Hypnosis • Some psychologists believe that hypnosis is a divided state of consciousness • Hilgard told hypnotized students they would not experience pain while one arm was in ice-cold water. • Pressed key with other hand to report pain, but verbally said no pain
Hypnosis • Social cognitive behaviour view of hypnosis • Normal state of consciousness where person behaves the way one thinks a hypnotized person should behave • Nick Spanos (Carleton University)
Applications of Hypnosis • Hypnosis is widely used in psychotherapy, medicine, dentistry, criminal investigations, and sports. • Hypnosis can reduce the experience of pain in some people.
Applications of Hypnosis • Sometimes hypnosis is used to enhance people’s ability to remember. • Under hypnosis some people • remember more specific crime details • misremember more false crime details • Can We Trust Forensic Hypnosis? • See “Critical Reflections” for statistics
Psychoactive Drugs • Drugs that act on the nervous system to alter consciousness, modify perceptions, and change moods. • Drug tolerance is the need to take increasing amounts to produce the same effect.

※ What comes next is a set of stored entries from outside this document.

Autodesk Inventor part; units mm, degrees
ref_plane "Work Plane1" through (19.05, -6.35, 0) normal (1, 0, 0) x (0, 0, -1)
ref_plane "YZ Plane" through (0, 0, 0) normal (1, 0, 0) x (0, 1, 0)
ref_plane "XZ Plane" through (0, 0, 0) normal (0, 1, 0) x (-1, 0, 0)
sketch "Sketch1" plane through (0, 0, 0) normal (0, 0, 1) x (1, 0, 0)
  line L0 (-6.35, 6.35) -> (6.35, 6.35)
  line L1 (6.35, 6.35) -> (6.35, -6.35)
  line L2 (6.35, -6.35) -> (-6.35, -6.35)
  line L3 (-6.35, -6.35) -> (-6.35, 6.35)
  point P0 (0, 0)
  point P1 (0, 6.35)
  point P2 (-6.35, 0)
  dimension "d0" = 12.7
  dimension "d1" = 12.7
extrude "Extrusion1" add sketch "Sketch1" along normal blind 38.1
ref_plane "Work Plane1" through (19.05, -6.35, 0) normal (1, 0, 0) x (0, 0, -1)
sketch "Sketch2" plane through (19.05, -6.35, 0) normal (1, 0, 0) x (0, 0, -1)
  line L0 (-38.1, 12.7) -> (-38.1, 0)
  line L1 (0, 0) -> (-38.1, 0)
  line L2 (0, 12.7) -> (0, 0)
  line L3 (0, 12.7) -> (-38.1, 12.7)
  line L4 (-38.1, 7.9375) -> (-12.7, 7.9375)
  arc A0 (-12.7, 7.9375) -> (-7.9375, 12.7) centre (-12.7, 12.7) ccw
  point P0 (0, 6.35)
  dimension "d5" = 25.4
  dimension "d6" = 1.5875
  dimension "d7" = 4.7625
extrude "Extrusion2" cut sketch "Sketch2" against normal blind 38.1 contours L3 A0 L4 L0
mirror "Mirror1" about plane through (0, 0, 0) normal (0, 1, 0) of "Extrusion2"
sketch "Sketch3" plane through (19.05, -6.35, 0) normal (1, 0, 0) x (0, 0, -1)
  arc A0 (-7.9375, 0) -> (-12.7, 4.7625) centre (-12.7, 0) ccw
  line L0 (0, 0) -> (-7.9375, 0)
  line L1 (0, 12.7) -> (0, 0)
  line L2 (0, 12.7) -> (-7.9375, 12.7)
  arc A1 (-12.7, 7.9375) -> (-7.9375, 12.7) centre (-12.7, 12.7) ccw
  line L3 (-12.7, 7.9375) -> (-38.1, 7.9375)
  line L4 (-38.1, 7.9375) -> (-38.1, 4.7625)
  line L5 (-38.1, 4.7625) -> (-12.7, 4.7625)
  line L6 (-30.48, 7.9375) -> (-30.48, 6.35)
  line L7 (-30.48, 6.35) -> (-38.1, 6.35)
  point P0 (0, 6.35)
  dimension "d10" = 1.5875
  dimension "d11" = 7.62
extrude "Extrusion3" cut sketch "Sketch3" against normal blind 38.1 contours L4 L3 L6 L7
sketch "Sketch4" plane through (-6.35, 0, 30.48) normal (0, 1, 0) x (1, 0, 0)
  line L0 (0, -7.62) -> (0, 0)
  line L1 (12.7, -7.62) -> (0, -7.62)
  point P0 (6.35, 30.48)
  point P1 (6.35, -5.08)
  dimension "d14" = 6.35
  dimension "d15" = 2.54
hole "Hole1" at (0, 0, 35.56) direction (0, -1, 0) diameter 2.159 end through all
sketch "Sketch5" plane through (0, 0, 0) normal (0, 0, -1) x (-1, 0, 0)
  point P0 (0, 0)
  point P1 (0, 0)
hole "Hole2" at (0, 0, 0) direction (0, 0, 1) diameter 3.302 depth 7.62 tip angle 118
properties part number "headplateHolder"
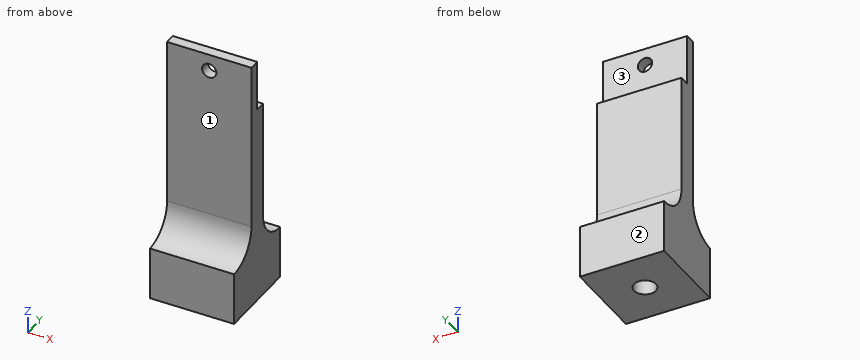
Can you work these out from the model? Positions are in its coordinate system, mm. Face numbers are marked on the shaded views. A direction names the side the tool comes from. Give positions to 0.01 mm unless a question says otherwise; leave off trailing zeros. Loops run counter-clockwise (first coordinate to the right, second up) from the corner with the lowest first, then second, coordinate; pieces in that order, holes last. Notation, with made-up numbers: M -37.75,15 L -16.75,15 A31 cw -16.75,44 Z; hole C 25,2.5 d2. An arc over 180 degrees is marked long. One line per item, written item: value.
1) Imagine slicing it at D-D on y = -5.25. Write out the boundary of the cut face in (x, z), and give its area (3 significant figures).
Geometry check:
outline: M -6.35,0 L 6.35,0 L 6.35,8.07 L -6.35,8.07 Z
area: 102 mm²
2) On a 3-axis mill with a long thin cutter (end or side, diameter ignored), from which of +Z, -Z, +X, -X, +Y, -Y can I reach the whole of each face in a straight line? I mean the marked faces 1, 2 and 3. Say none if no direction works.
Geometry check:
face 1: +Z, +X, -X, -Y
face 2: +Z, -Z, +X, -X, +Y
face 3: +Z, +X, -X, +Y
3) I'm going to push flat-ended pins straight in: pin 1 (4 mm diameter, centred on x = 0, z = 29, fed in from -Y); pin 2 (3 mm diameter, centred on x = -3.5, z = 23, fed in from +Y); pin 3 (1 mm diameter, centred on x = -1.5, z = 9, fed in from +Y). Where does each tip first touch, or does it pass through?
Geometry check:
pin 1: stops at y = -1.59
pin 2: stops at y = 1.59
pin 3: stops at y = 4.1
4) Imagine slicing it at A-A on z = 7. Write out the boundary of the cut face in (x, y).
Geometry check:
outline: M -6.35,-6.35 L 6.35,-6.35 L 6.35,6.35 L -6.35,6.35 Z; hole C 0,0 d3.3
5) Please list where these lines run through material, in increasing order: line 1 (X direction, y = 0, z = 6); line 2 (X direction, y = -0.9, z = 35.56).
Geometry check:
line 1: x = -6.35 to -1.65, 1.65 to 6.35
line 2: x = -6.35 to -1.08, 1.08 to 6.35
6) Imagine slicing it at B-B on z = 35.56. Write out the boundary of the cut face in (x, y), and give its area (3 significant figures).
Geometry check:
outline: M -6.35,-1.59 L -1.08,-1.59 L -1.08,0 L -6.35,0 Z; M 1.08,-1.59 L 6.35,-1.59 L 6.35,0 L 1.08,0 Z
area: 16.7 mm²

Psychoactive Drugs • Addiction refers to either a physical or psychological dependency, or both. • Physical dependence has occurred if disuse produces unpleasant withdrawal symptoms. • Psychological dependence is the strong desire to repeat use for emotional reasons.
Reward Pathway for Psychoactive Drugs Psychoactive drugs increase dopamine levels in the brain’s reward pathways.